Cuando se mezcla la pobreza, con la falta de libertad, con la corrupción y con una población con acceso a los medios de comunicación e Internet, el resultado a no tardar, es como poco, manifestaciones en la calle. Esto es lo que ha sucedido en Egipto, cosa que no tendría ninguna trascendencia, en lo que a violencia se refiere, si el régimen de Mubarak hubiera permitido esa manifestación de protesta. Pero Mubarak, no solo no ha consentido la libre expresión del pueblo egipcio en las calles, sino que ha ido más allá, aun en cuanto a grados de represión totalitarios, ha reprimido violentamente a todo aquel que osara a salir a la calle, ha intentado callar la voz de la prensa tanto local como internacional, y para que no le quedara nada en el tintero, ha intentado cerrar la comunicación vía Internet, para dejar todo atado y bien atado, como uno de cuyo nombre no quiero acordarme.

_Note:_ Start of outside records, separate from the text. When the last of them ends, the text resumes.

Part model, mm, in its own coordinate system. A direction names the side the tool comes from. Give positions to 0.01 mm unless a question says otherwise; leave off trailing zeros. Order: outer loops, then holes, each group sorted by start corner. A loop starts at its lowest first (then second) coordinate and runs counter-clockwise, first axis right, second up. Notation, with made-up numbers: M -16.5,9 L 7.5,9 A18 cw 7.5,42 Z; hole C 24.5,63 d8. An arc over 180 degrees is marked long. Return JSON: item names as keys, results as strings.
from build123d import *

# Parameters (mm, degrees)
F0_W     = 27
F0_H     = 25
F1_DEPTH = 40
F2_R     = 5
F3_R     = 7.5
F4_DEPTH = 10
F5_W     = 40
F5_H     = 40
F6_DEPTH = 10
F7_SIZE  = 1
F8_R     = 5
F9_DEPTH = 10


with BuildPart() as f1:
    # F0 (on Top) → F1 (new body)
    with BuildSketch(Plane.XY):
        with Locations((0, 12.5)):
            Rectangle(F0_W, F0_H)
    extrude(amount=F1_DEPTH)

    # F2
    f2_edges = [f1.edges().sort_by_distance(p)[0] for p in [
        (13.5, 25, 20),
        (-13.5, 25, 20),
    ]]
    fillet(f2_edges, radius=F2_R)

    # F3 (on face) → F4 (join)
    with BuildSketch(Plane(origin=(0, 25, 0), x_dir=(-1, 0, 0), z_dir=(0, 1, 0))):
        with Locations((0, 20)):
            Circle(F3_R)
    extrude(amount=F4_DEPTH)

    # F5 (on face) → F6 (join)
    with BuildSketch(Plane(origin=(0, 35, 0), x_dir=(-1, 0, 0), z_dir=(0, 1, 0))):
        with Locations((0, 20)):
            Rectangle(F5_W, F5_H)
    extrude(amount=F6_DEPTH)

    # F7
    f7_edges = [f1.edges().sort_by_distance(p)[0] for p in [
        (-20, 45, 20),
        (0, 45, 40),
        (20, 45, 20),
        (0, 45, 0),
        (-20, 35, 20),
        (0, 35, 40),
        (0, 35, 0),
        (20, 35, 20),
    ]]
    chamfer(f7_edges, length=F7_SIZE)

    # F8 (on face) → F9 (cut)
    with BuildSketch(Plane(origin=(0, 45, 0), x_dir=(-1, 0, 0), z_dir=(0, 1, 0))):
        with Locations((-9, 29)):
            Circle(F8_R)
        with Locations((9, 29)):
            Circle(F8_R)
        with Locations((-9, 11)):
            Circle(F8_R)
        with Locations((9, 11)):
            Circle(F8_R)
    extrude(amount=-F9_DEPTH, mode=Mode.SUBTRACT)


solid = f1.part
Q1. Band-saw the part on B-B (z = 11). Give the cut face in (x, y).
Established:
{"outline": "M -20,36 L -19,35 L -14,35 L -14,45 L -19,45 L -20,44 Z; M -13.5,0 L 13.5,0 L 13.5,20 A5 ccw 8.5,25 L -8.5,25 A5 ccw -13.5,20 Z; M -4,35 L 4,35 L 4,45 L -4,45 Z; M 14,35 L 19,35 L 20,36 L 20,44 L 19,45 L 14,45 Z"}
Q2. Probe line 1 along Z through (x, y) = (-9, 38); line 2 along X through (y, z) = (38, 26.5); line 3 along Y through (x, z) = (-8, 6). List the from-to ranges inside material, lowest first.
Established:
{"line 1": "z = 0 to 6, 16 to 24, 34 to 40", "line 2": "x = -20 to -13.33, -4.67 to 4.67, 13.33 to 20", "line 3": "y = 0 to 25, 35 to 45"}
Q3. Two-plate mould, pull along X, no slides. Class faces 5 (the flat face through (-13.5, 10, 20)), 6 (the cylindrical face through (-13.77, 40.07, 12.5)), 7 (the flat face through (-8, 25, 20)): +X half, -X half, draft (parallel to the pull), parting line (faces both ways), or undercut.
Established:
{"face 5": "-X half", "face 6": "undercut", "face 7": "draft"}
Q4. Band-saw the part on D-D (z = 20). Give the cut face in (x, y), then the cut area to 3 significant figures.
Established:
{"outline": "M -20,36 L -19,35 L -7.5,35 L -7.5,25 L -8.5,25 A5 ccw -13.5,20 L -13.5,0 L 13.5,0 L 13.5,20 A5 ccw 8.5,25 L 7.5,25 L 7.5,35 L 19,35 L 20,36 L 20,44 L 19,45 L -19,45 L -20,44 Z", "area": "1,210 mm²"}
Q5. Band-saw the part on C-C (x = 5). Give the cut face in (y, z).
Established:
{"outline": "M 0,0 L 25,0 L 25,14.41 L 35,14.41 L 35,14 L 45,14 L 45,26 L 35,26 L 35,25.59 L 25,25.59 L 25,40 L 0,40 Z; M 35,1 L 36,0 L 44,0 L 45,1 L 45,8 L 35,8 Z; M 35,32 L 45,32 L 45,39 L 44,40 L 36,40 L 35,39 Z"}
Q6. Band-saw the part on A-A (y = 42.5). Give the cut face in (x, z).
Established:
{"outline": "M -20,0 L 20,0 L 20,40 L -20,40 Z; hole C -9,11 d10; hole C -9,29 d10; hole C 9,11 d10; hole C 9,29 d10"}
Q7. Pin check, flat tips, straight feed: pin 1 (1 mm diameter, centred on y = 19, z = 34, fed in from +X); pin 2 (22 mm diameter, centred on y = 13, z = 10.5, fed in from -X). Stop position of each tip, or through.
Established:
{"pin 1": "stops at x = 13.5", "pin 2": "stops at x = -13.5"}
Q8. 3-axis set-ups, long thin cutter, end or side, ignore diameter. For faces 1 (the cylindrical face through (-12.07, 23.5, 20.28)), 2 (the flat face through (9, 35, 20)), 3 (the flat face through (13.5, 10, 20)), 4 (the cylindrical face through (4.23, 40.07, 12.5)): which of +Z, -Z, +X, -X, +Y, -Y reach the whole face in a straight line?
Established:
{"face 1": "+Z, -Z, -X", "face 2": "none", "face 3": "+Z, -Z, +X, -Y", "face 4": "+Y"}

Pero no ha podido ser. A veces la necesidad y los años de represión pesan más que la propia supervivencia, y los egipcios han ido a por todas, aun sabiendo que la población civil cuando se manifiesta en contra del poder establecido, siempre tiene las de perder, a corto plazo – y las de perder “gordas” pues se puede llegar a perder hasta la vida- , pero que a la larga, aunque no siempre, se puede conseguir salir del sometimiento y la tiranía.
Además esta vez, y por primera vez, anda por medio un elemento distorsionador de los planes de gentes totalitarias y déspotas, como Mubarak, que hace que sus mecanismos de propaganda y amedrentamiento, no sean tan efectivos, y es la Internet 2.0, si la de los blogs, la de las redes sociales, la de los usuarios, que a pesar de intentar cerrarla y bloquearla, no ha podido conseguirlo, ya que la red, tal y como está concebida hoy, tiene una dimensión mundial, y no basta con bloquear simultáneamente varios proveedores, para callar y evitar ese ruido tan molesto para los represores, que es el sonido sordo pero constante que en la red producen las manifestaciones virtuales de los ciudadanos, exigiendo sus derechos como vivir digna y libremente, y contando con peros y señales – véase fotos y videos- la brutalidad del ejercito y la policía egipcia.
Hace años, si esto hubiera sucedido, el tema habría pasado mucho más desapercibido para la opinión pública mundial, pero ahora, afortunadamente las cosas han cambiado, y aunque algunos piensa que Internet es solo un vehiculo de marketing, publicidad y promoción, la red de redes es algo mucho más sólido y más profundo, es la voz de todos, y para todos. Todos los mecanismos de la red, durante estos días en Egipto, han cumplido perfectamente su rol, desde las redes sociales, como twitter y Factbook, hasta los blogs, desde los más grandes a los más pequeños. La palabra escrita digitalmente tomando forma de voz, que está vez no clama en el desierto.
Son las once y media de la noche. No llueve en Aravaca y la temperatura exterior es de 4 grados. Ya lo he dicho muchas veces: Internet es la última trinchera de la democracia, a los hechos me remito.